**GOAL OF THE EXERCISE**.
The first line of the listing opens the range and the line with "#3 small box from (444, 827) to (666, 959)" closes it; repeat those lines and all between them word for word, leaving out the pictures.

**EXTRACTED INFORMATION**.

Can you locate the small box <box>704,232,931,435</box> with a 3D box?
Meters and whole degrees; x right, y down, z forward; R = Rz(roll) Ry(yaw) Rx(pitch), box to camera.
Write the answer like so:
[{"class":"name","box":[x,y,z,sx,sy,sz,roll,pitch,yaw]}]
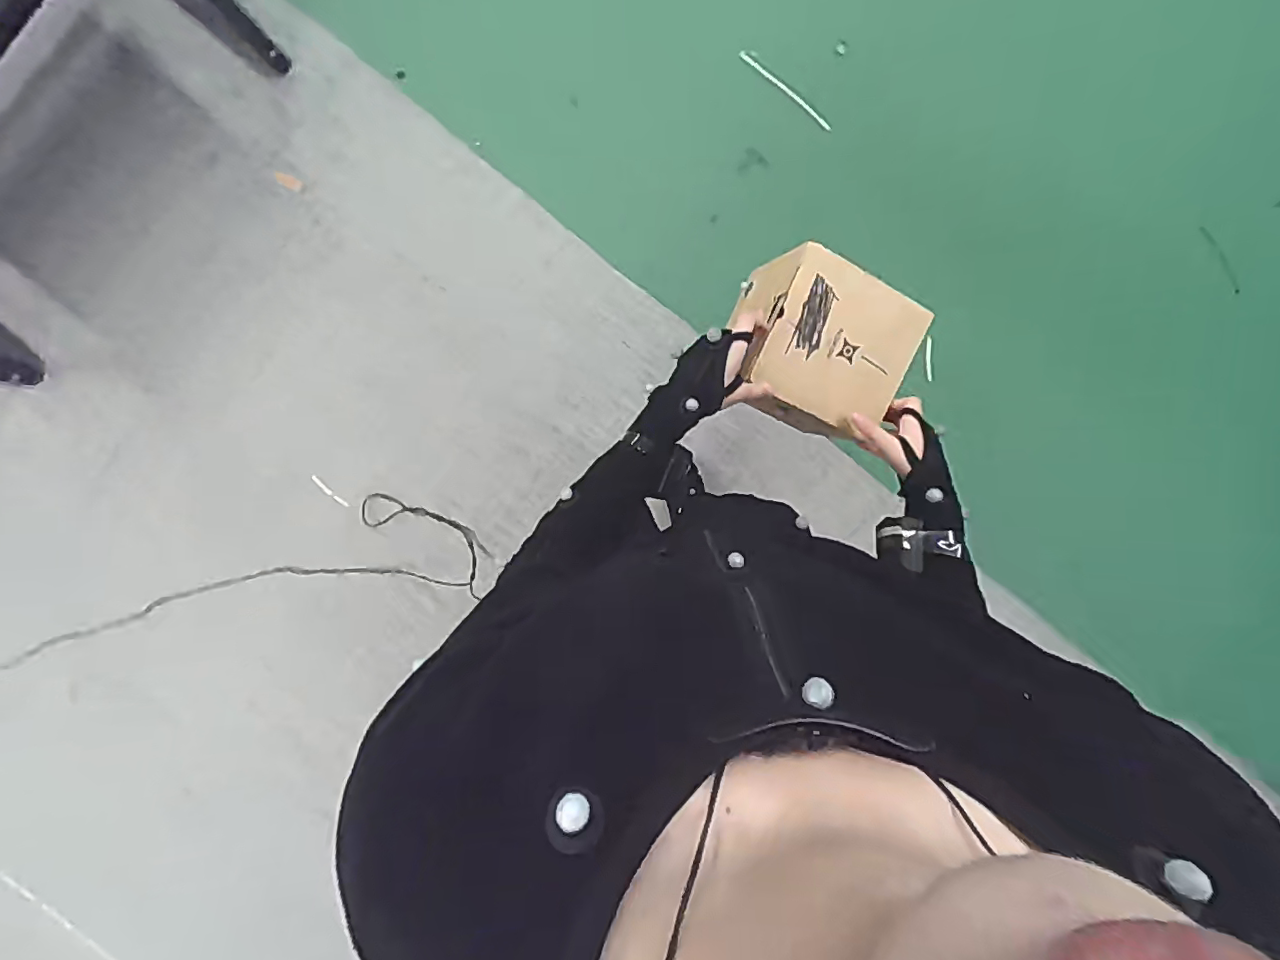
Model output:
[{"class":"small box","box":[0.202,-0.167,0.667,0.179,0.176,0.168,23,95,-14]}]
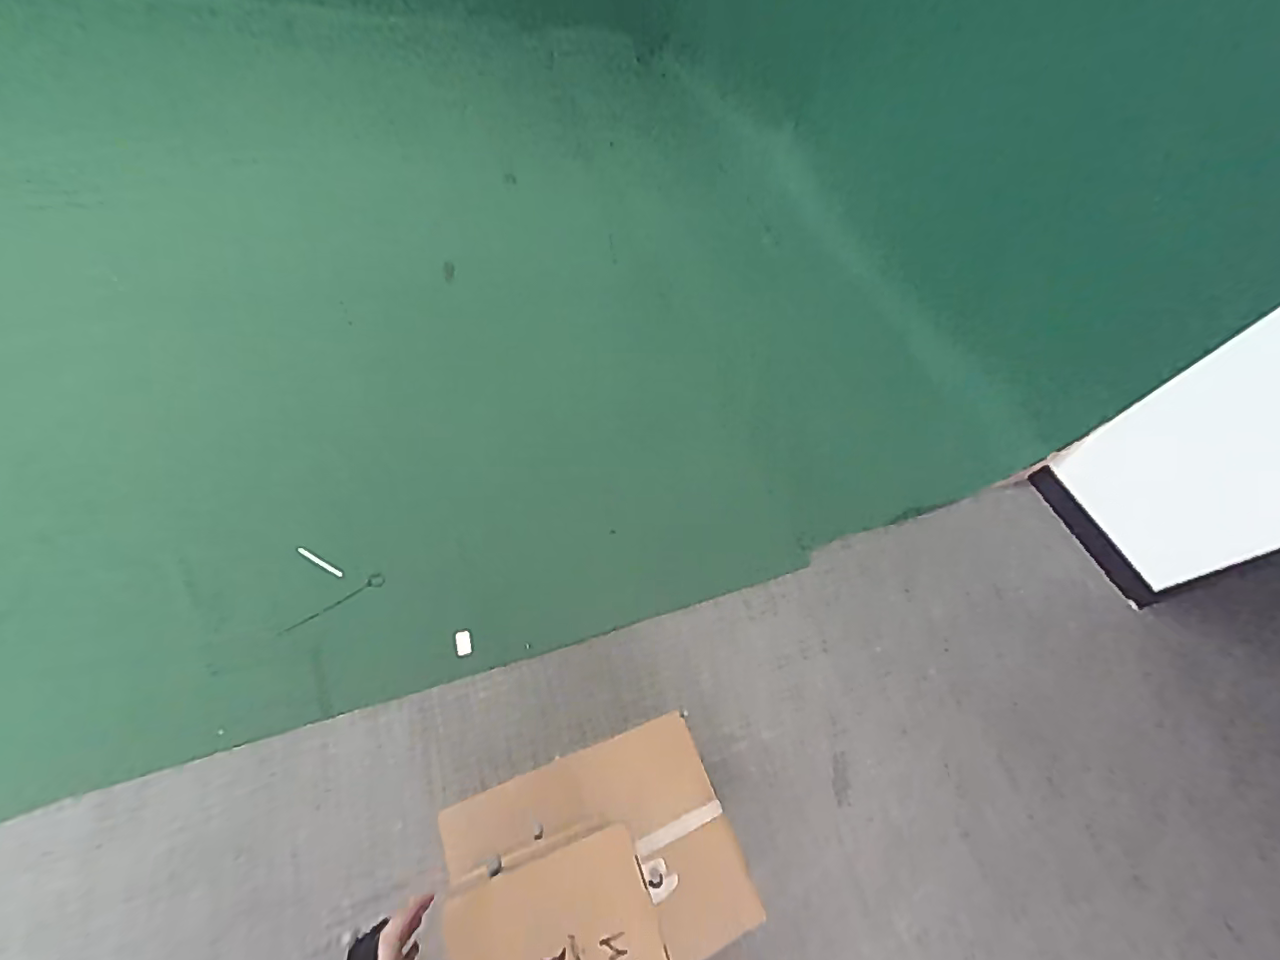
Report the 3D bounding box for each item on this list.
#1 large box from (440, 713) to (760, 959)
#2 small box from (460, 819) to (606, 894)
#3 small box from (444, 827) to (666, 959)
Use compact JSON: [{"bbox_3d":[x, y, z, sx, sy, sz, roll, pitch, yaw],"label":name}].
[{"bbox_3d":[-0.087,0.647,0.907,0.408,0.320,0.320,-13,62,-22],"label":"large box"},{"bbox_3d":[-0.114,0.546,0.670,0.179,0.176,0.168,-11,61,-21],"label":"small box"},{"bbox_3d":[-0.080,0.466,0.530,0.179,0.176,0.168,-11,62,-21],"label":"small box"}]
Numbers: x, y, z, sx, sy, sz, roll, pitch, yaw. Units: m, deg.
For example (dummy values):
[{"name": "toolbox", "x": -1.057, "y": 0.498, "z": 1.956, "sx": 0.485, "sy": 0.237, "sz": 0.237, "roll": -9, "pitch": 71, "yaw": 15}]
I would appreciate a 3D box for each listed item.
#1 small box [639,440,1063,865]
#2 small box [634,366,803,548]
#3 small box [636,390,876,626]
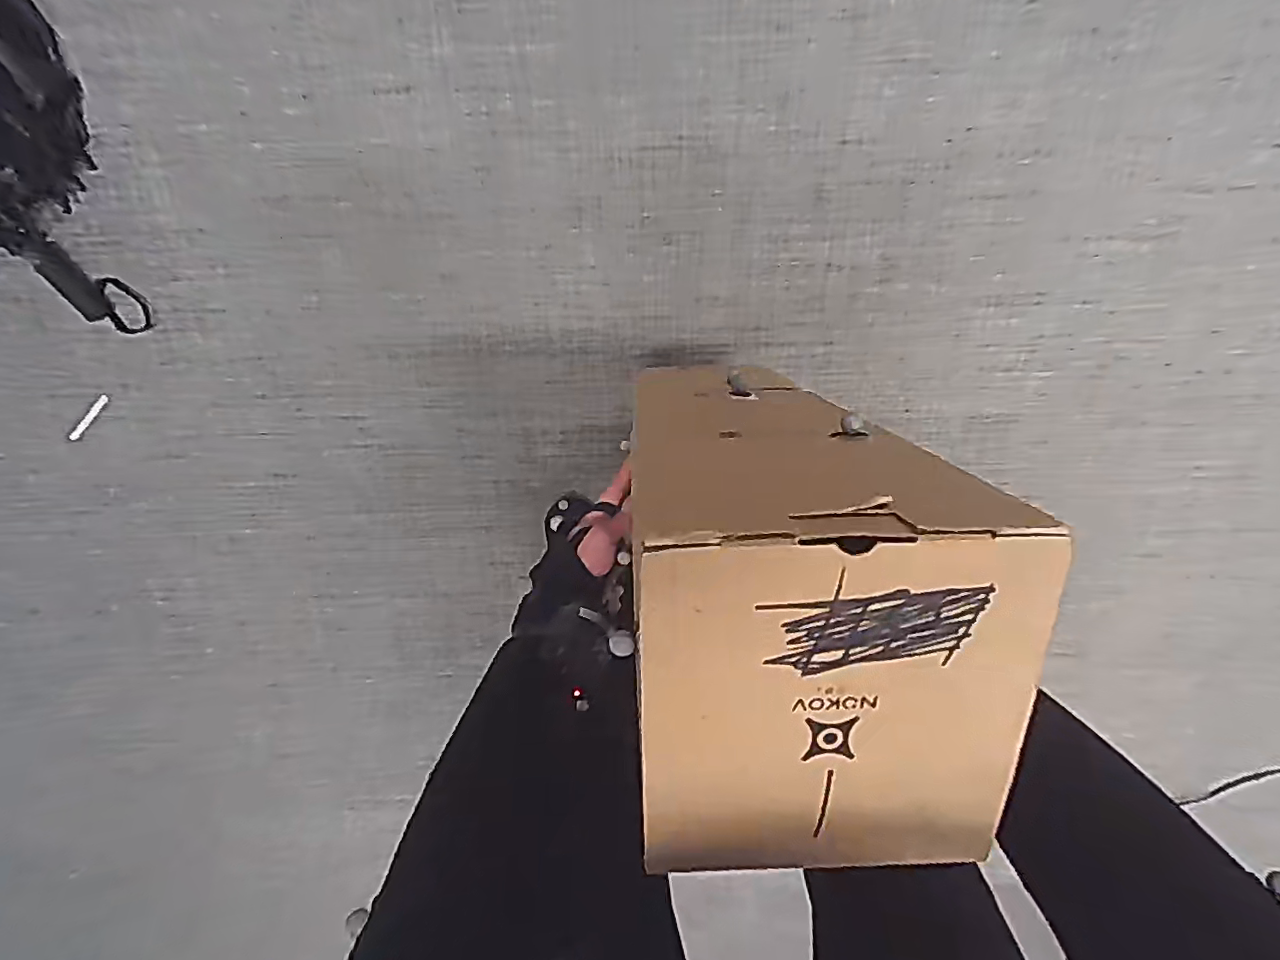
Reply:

**TASK RESULT**.
Can you locate the small box <box>704,232,931,435</box> with a 3D box?
Meters and whole degrees; x right, y down, z forward; R = Rz(roll) Ry(yaw) Rx(pitch), box to camera.
Write the answer like so:
[{"class":"name","box":[x,y,z,sx,sy,sz,roll,pitch,yaw]}]
Model output:
[{"class":"small box","box":[0.202,-0.167,0.667,0.179,0.176,0.168,23,95,-14]}]
Report the 3D bounding box for each item on this list.
#1 large box from (440, 713) to (760, 959)
#2 small box from (460, 819) to (606, 894)
#3 small box from (444, 827) to (666, 959)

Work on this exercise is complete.